The panel found it was conceivable that one could determine whether several credit card transactions all came from the same Internet address without aid of a computer. Therefore, the process in question in CyberSource could be considered purely mental steps that didn’t require a computer in all circumstances. The opinion suggested that if the process was incapable of being performed without a computer, such as a process for locating a GPS satellite at an exact moment in time where the process includes thousands of computations per second, then that process embodied in a piece of hardware or software may be patent-eligible.

A month later, a different panel of judges at the CAFC considered the case of Ultramercial v. Hulu, in which a different business method was at issue. Ultramercial’s patent disclosed a process for permitting a viewer to watch a copyrighted video or otherwise consume content over the Internet once the viewer had watched an advertisement. Conceivably, without the aid of a computer, a person could consider whether a person had viewed an ad and then authorize that person to watch a video. By the rationale of the CyberSource decision from a month earlier, even though the patent claims in Ultramercial recited a technological link (here, permitting the consumer to watch the video over the Internet), the claims could rationally be vulnerable to being held patent-ineligible.

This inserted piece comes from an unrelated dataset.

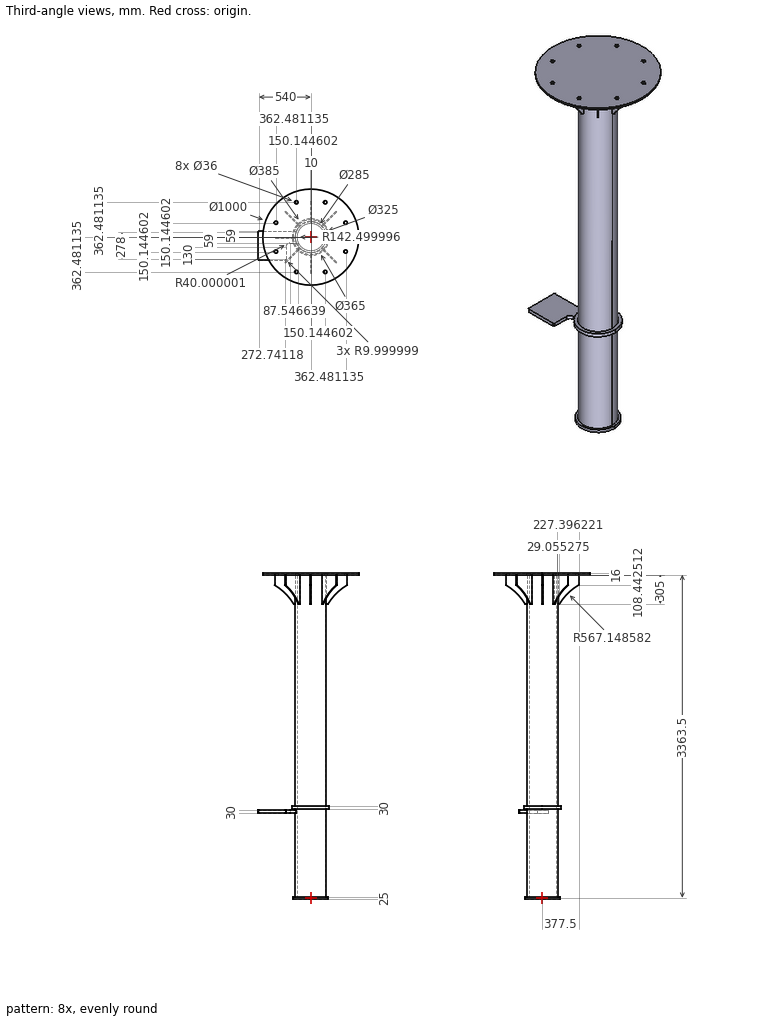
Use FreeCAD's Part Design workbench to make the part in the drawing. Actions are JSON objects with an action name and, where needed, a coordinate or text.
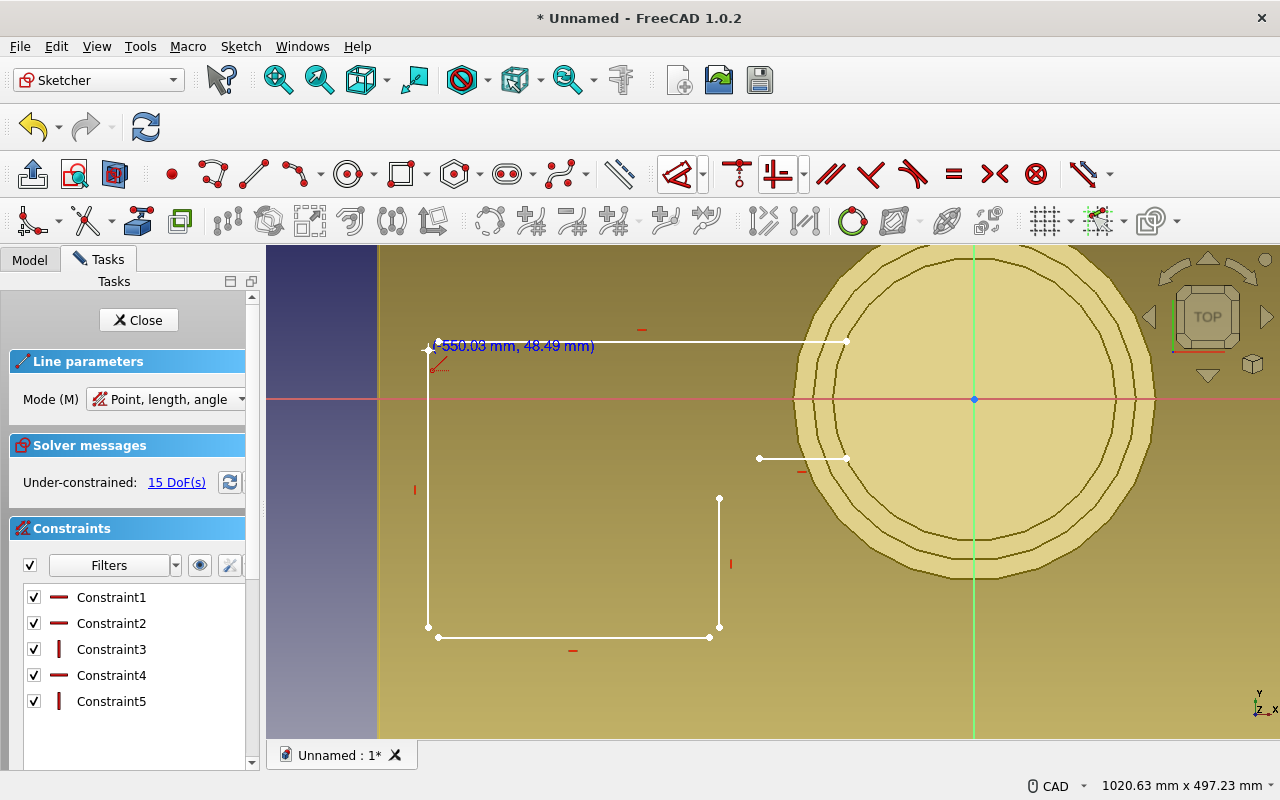
{"action": "key", "text": "g 3 a"}
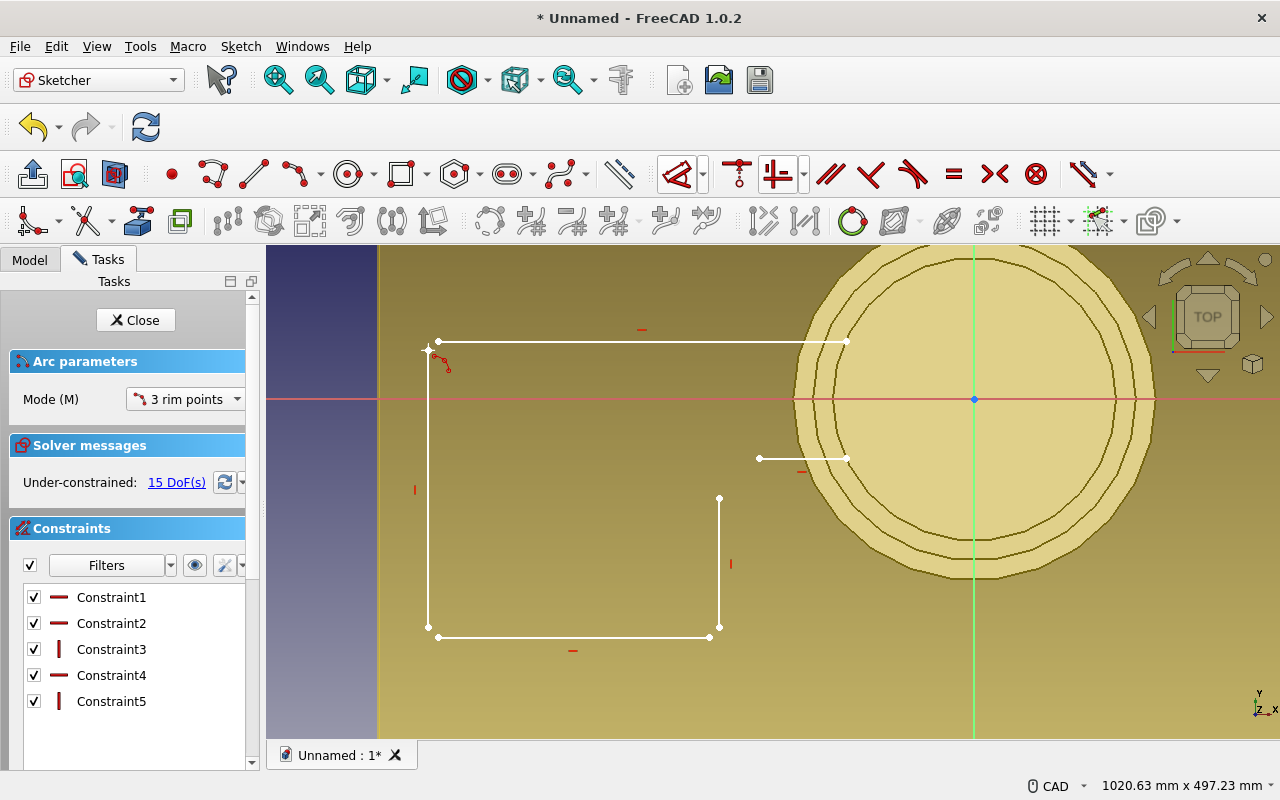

But in Ultramercial, a different three-judge CAFC panel held otherwise. In the opinion, drafted by CAFC Chief Judge Rader, the court held that the Ultramercial patent did not recite a series of purely mental steps, but rather, claims “a particular method for collecting revenue from the distribution of media products over the Internet.”

Since the claim at issue in Retail Decisions reciting “a method for verifying the validity of a credit card transaction over the Internet” was invalidated by the CAFC, but “a particular method for collecting revenue from the distribution of media products over the Internet” was held in Ultramercial to be valid, the holdings suggest the inconsistency regarding exactly what is a patent-eligible business method. From a patent-eligibility standpoint, what is the difference between “verifying the validity of a credit card transaction” and “collecting revenue from the distribution of media products” when both occur over the Internet?

I had the opportunity to hear Chief Judge Rader speak at a luncheon in Seattle for patent practioners the other day. He noted that the CAFC has now considered the patent-eligibility of business methods about six times since the Supreme Court handed down its 2010 Bilski v. Kappos ruling. Judge Rader suggested that if a patent claim includes a computer as part of its recitation, “that’s pretty close” to being patent-eligible all by itself.

Then, he addressed the possible inconsistency in the two recent cases discussed above. “CyberSource,” Judge Rader said, “was off-message.” He quickly added, “but it is a part of the message… CyberSource is the law of the Federal Circuit.” Those in the audience who were hoping for a clearer reconciliation of the two opinions didn’t receive one.

Still, one can look to Judge Rader’s discussion of the CyberSource case in his Ultramercial opinion. “The eligibility exclusion for purely mental steps is particularly narrow,” he wrote, with the word “purely” emphasized with italics. One might wonder whether Chief Judge Rader, in his capacity to assign the task of writing an opinion in a case to a particular judge, added the Ultramercial case to his own docket to have a chance to express a wider, more favorable view of the patent-eligibility of business methods.

Some believe that the panel of judges that CyberSource happened to draw was in part why the finding of invalidity of their patent was affirmed. Perhaps in light of Judge Rader’s comments in Ultramercial, CyberSource would fare better should their case be re-heard by the entire CAFC in an en banc review of the panel decision. If CyberSource seeks such an en banc review, we may see some further useful guidance on the patent-eligibility of business methods.